Ela se ergueu. Abri uma camisinha com a boca e a passei para ele. Lucía ficou de quatro: ele atrás, eu na frente. Esse spit roast é uma das posições favoritas dela.
— Fode ela — falei para Connor, com certa dureza. — Mete com força.
Ele assentiu. Colocou o pau na entrada e Lucía o guiou para dentro. Ele a socou de uma vez, sem delicadeza. Ela jogou a cabeça para trás e gritou.
— Aaaah!
Foi um grito que com certeza os vizinhos ouviram. Não me importei. Connor começou a meter num ritmo constante, como nos filmes. Lucía acompanhava o movimento para ele ir até o fundo, sem parar de gemer. Eu fiquei olhando por alguns segundos, como quem assiste a um pornô em que a protagonista é a própria mulher.
A única pena é que não tenha mais homens, pensei.
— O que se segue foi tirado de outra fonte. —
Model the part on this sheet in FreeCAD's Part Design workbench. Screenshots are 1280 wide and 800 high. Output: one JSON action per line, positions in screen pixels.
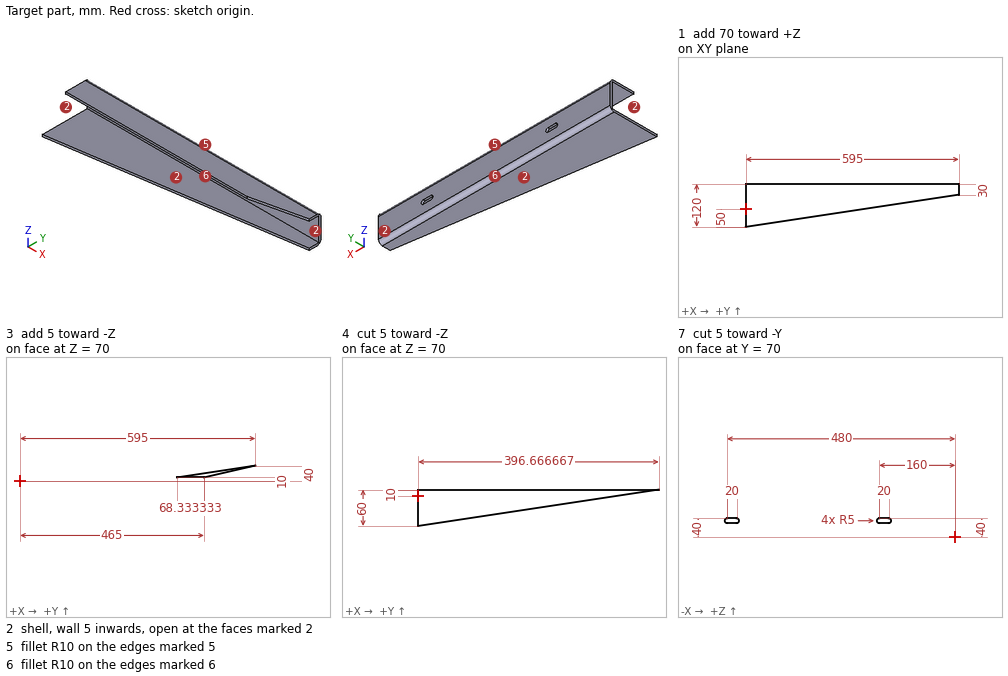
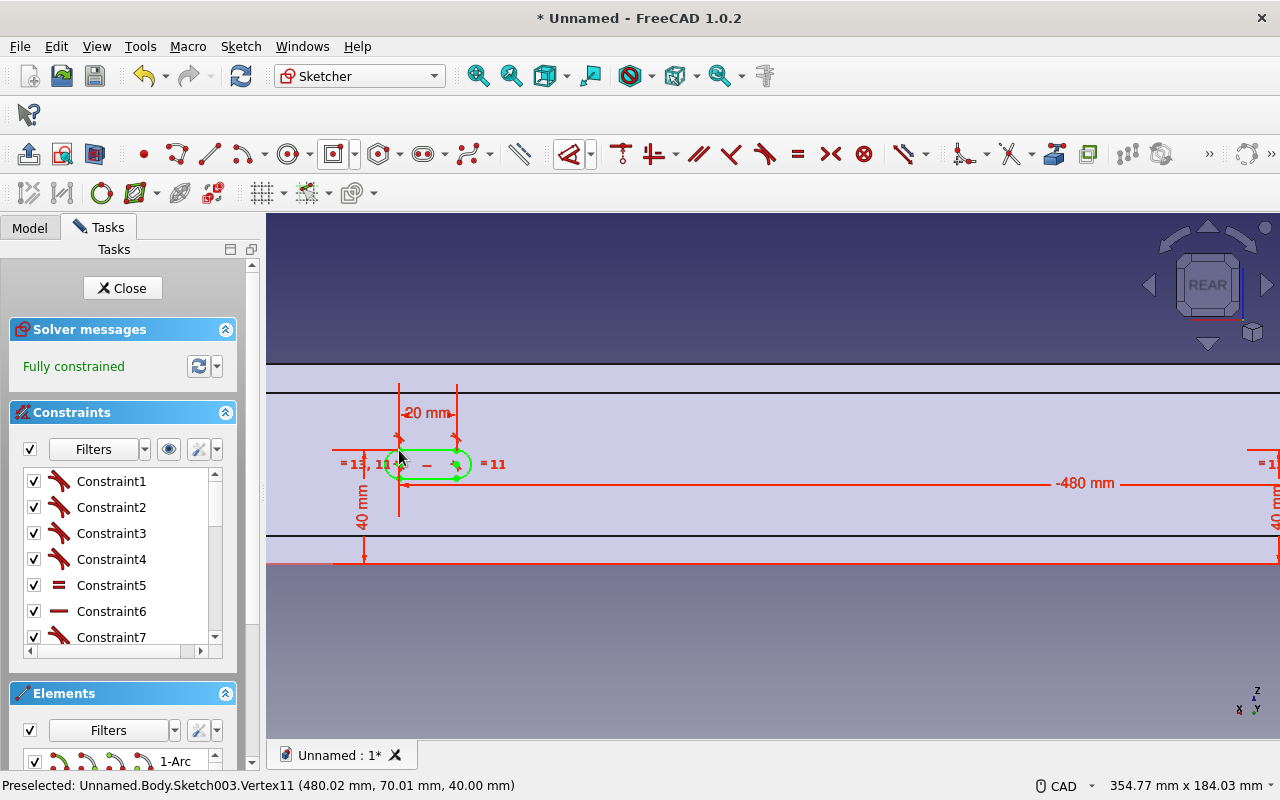
{"action": "left_click", "coordinate": [123, 288]}

Fiquei na frente e enfiei meu pau na boca dela com a mesma brutalidade.
— Engole — falei.
Ela, extasiada, acho que nem me ouviu. Ia e vinha no ritmo das estocadas de Connor por trás e das minhas pela frente. Todos gemíamos. O quarto cheirava a sexo, a suor; ouvia-se o ar-condicionado, o ranger da cama, os corpos se chocando.
— Não é verdade que você adora pênis, amor? — perguntei.
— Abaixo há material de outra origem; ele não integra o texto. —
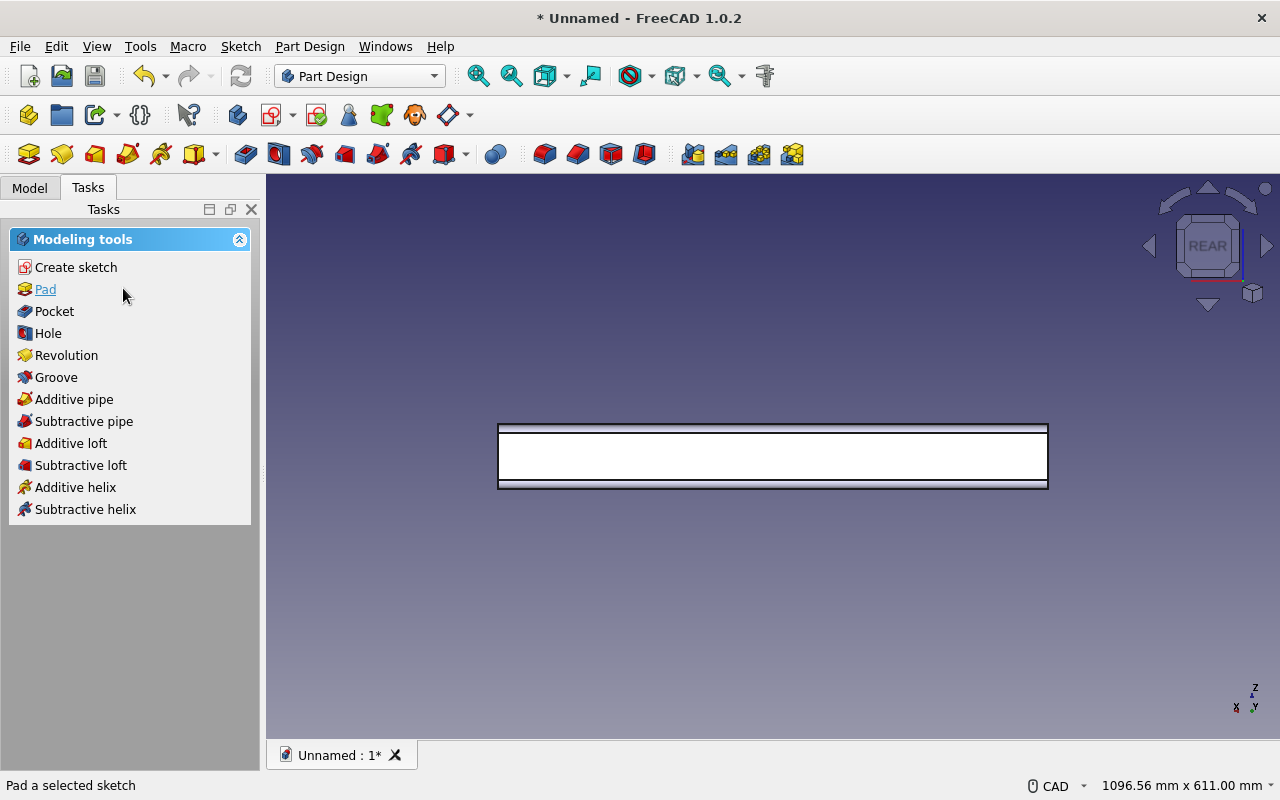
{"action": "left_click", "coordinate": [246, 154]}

— Sim! Quero todos para mim! — ela exclamou entre as estocadas.
Connor acelerou, ofegante.
— Goza — eu disse.
— Já tô, já tô! — ele gritou, e gozou, diminuindo o ritmo aos poucos. — Uff…!
— Fica dentro — pedi.
Olhei para Lucía, com cara de bem-fodida e a respiração entrecortada.
— Chupa ela, amor — falei, metendo meu pau na boca dela.
Comecei a bombear sabendo que já não me restava quase nada. Coloquei uma mão sob a mandíbula dela. Ela já sabe o que fazer: fechar bem os lábios e deixar eu terminar dentro. Gozei na boca dela em três jatos, o primeiro bem carregado. Ela aguentou sem engolir enquanto eu continuava me movendo, cada vez mais devagar, até parar.
— Não engole ainda — falei. — Mostra para o Connor.
Fiz carinho no rosto dela. Pedi a ele que tirasse o pau com cuidado para não deixar a camisinha dentro, e a ela que se virasse e abrisse a boca. Ela abriu, e o que vimos foi uma cena que eu teria gostado de guardar para sempre, não fosse nossa regra de “nada de celular, nada de fotos”. Não tinha escorrido nada.
— Engole — falei.
Ela fechou a boca e engoliu tudo. Beijei-a com ternura, uma mão na bochecha dela.
— Eu te amo, amor.
— Eu também te amo.
— Você dá um beijo no Connor para agradecer?
— Dou.
Os dois se beijaram de leve, sem língua. Um beijinho de calma depois da tempestade.
***
Descansamos, preparamos alguma coisa para jantar e, como tínhamos a noite toda, voltamos à carga. Na segunda rodada Connor gozou de novo, também com camisinha. Fizemos quase tudo. A verdade é que nos divertimos pra caramba, como sempre que convidamos alguém para casa. Adorei vê-lo beijando-a, os dois acariciando-a ao mesmo tempo, percorrendo o corpo dela juntos.
Connor voltou para o país dele alguns dias depois. Na cama, ele me pareceu meio sem graça e inexperiente; tive que ir guiando praticamente tudo. Mas foi mais uma experiência, e das boas.
Da próxima vez queremos um gang bang. Gostamos mais do que ménages. Eu me excito vendo-a com vários homens ao mesmo tempo, e ela adora tê-los à sua disposição. Já até fantasiei em ficar do lado de fora do quarto, ouvindo, sabendo que lá dentro há cinco ou seis caras desfrutando da minha mulher sem que eu participe, e beijá-la depois. Sou um corno consentido, fazer o quê. Quando fizermos, prometo contar. Vontade não nos falta.